Data for analysis Block Start
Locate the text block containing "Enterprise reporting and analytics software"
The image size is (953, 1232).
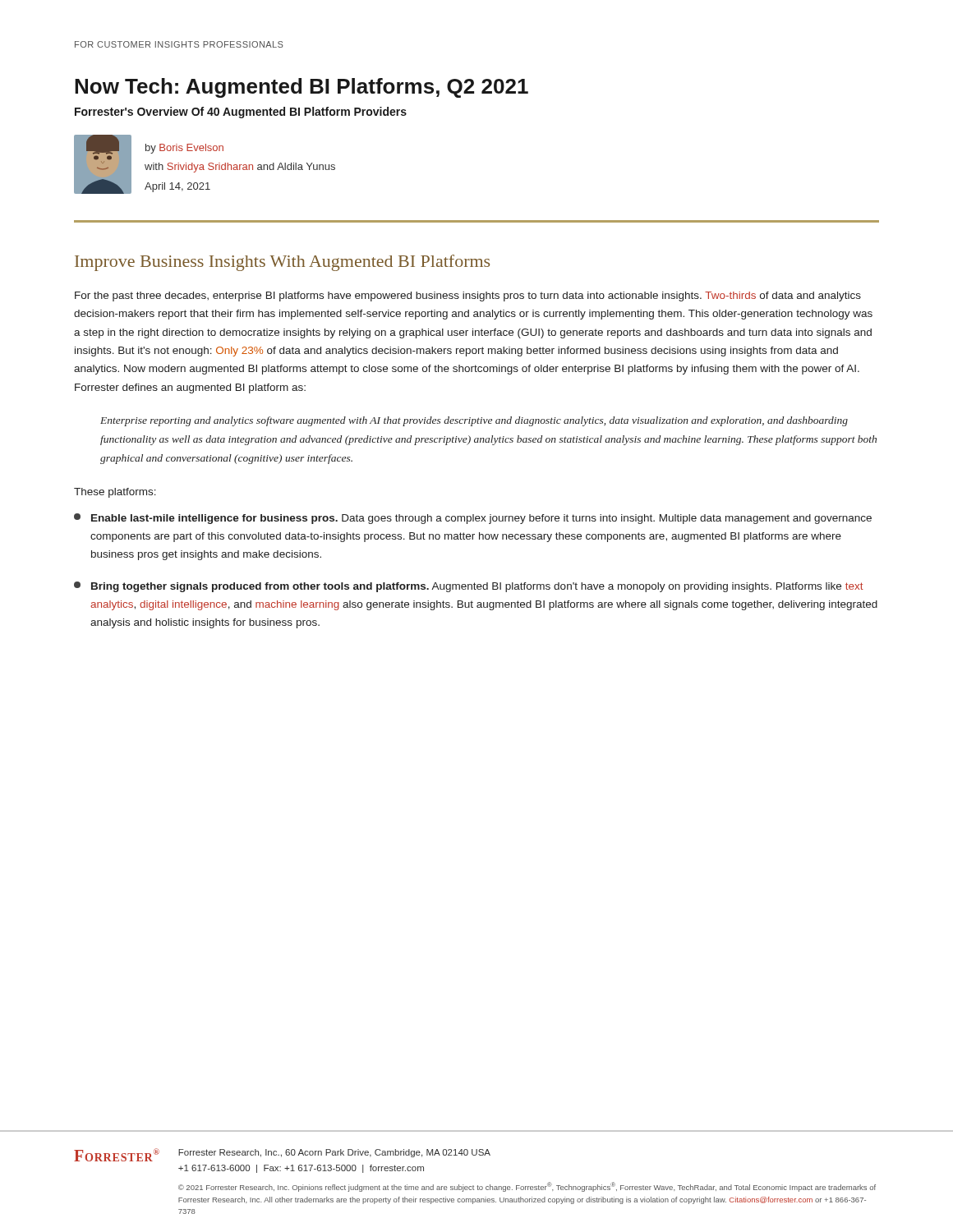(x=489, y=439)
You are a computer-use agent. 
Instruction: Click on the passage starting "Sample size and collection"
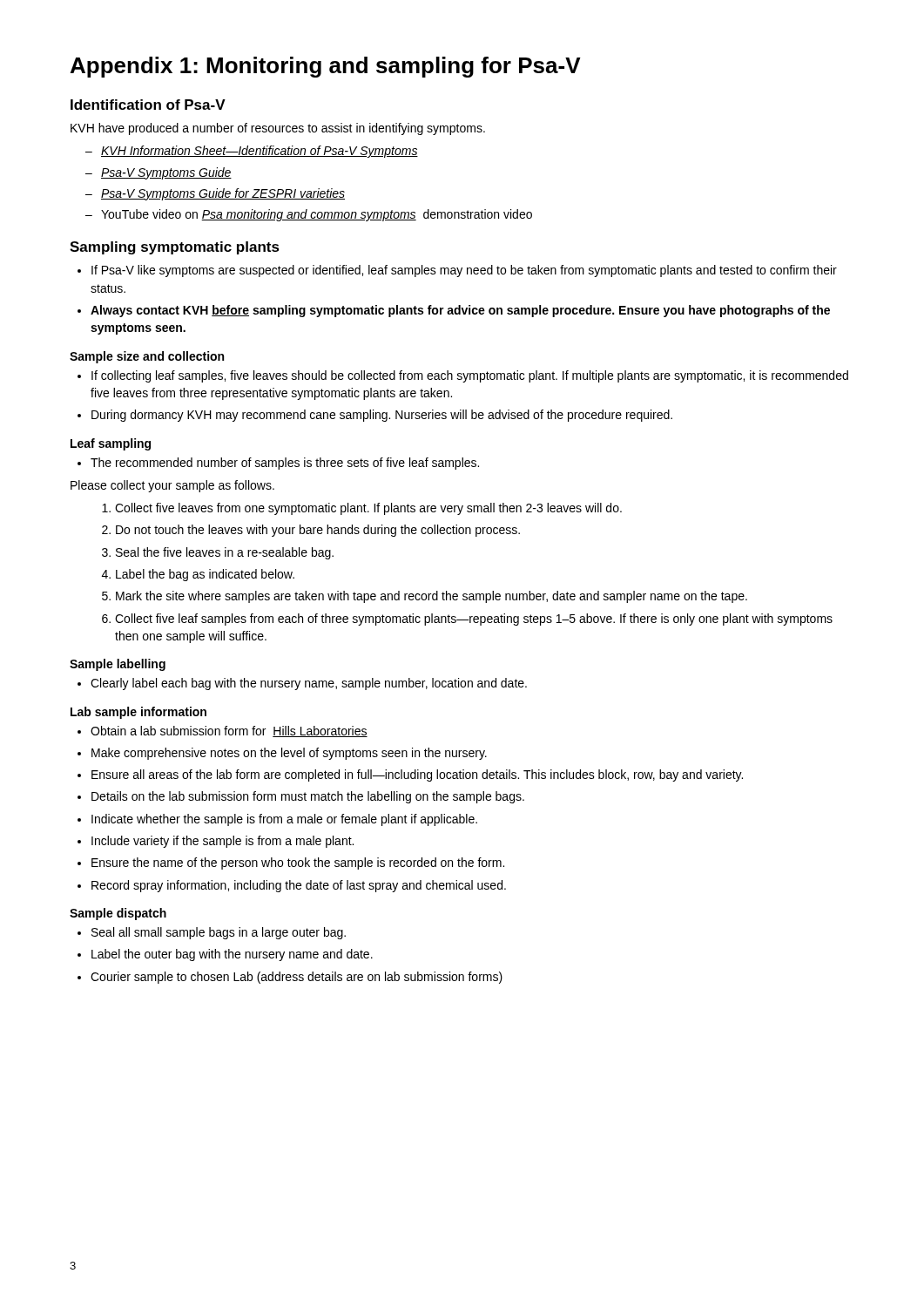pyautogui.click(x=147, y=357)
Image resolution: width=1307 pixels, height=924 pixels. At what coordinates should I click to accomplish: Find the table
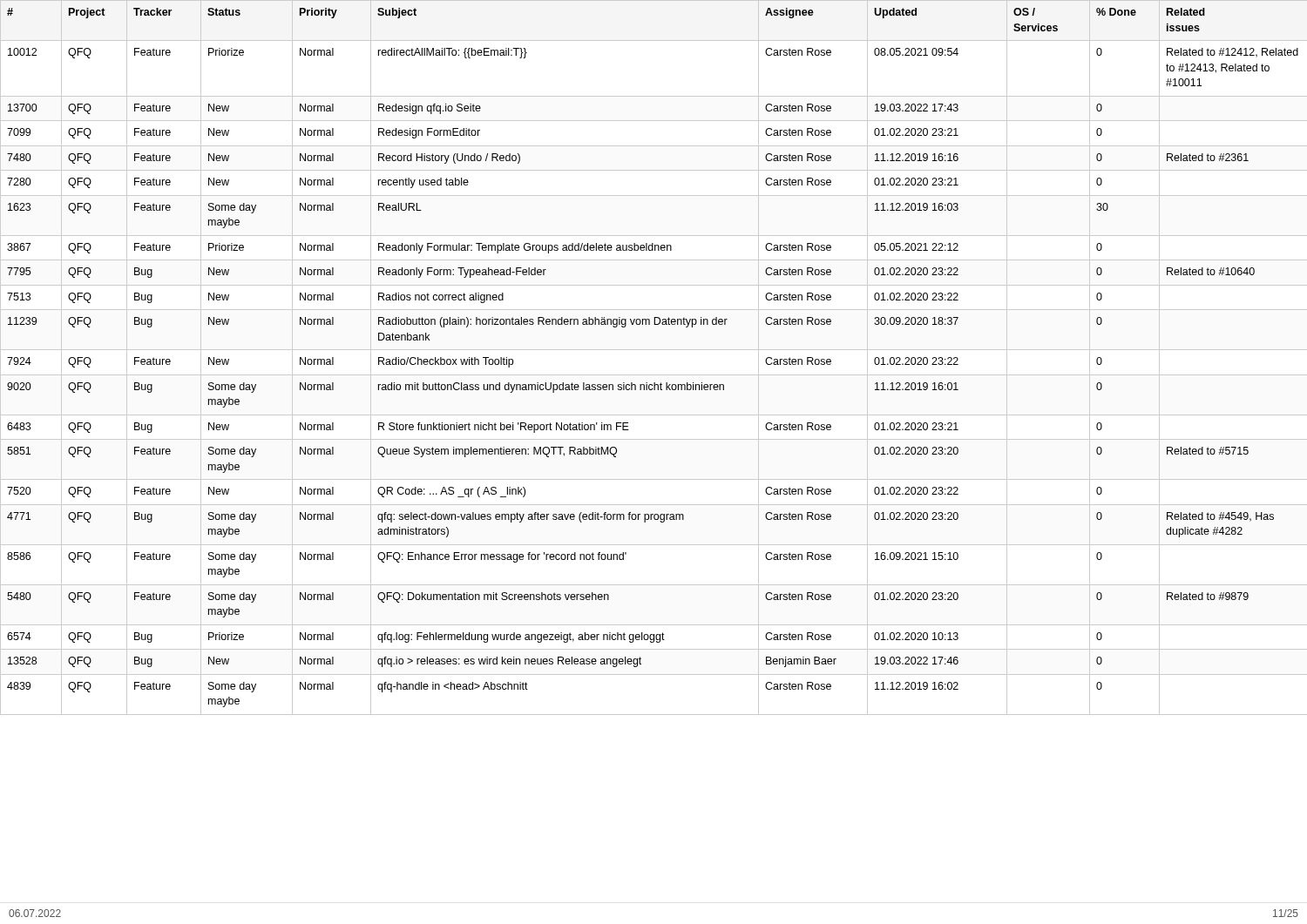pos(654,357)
Data for analysis Block End
Data for analysis Block Start
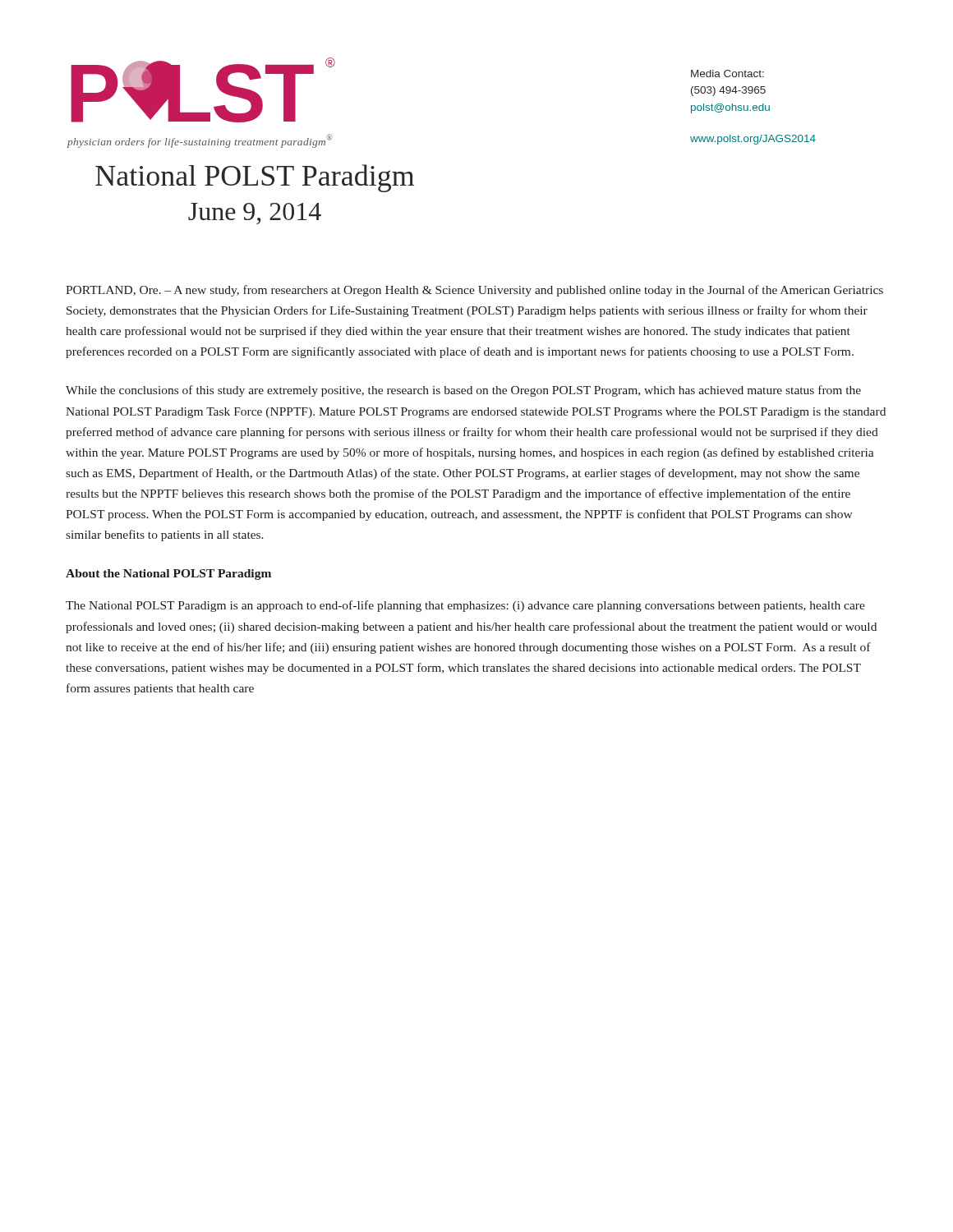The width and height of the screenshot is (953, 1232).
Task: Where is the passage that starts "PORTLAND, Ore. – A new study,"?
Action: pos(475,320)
Data for analysis Block End
Data for analysis Block Start
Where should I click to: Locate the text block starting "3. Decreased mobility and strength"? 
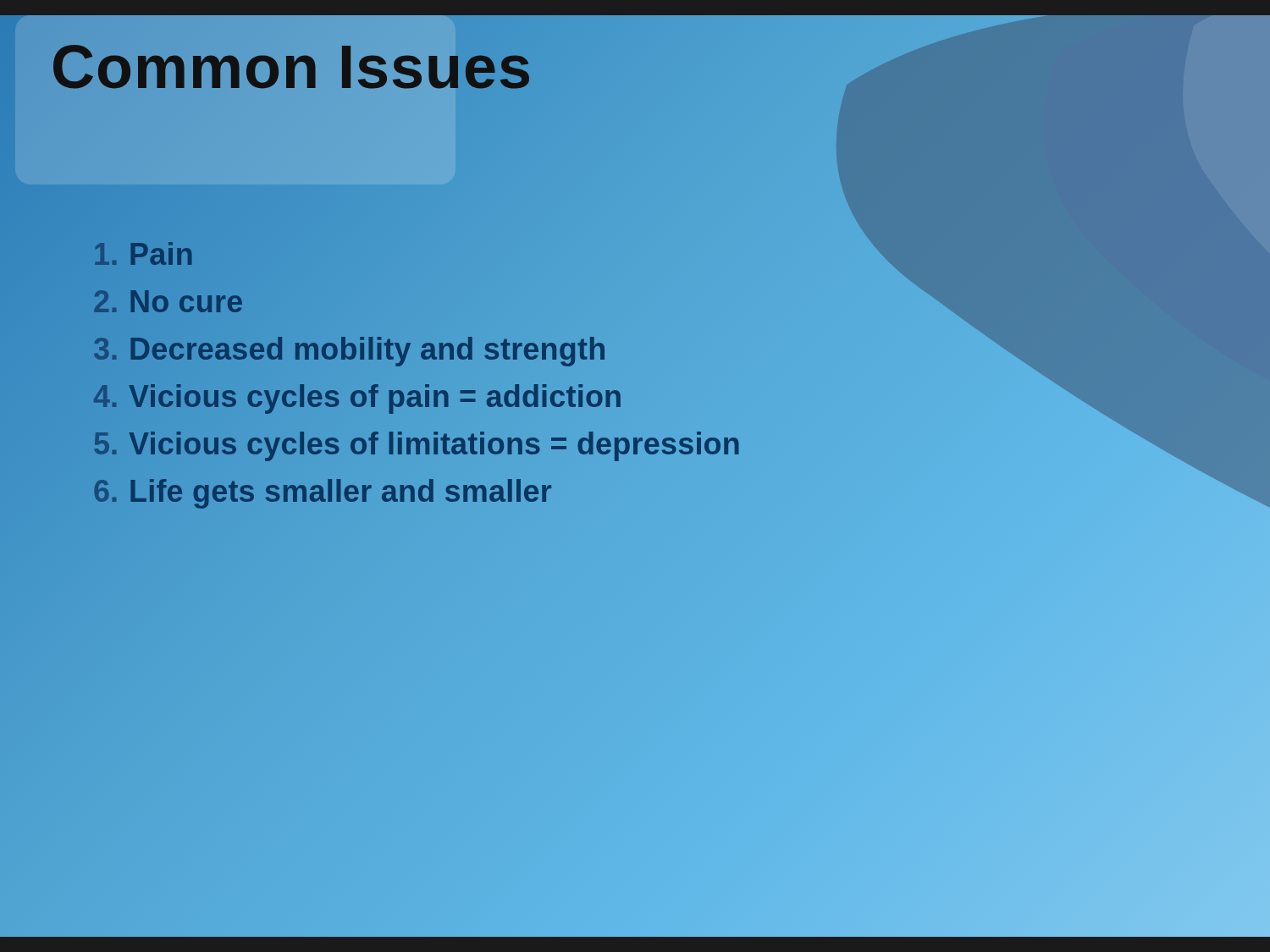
Data for analysis Block End
Your reply should consist of one number: how many lines of the material above include the word "Locate".

» Output below: 2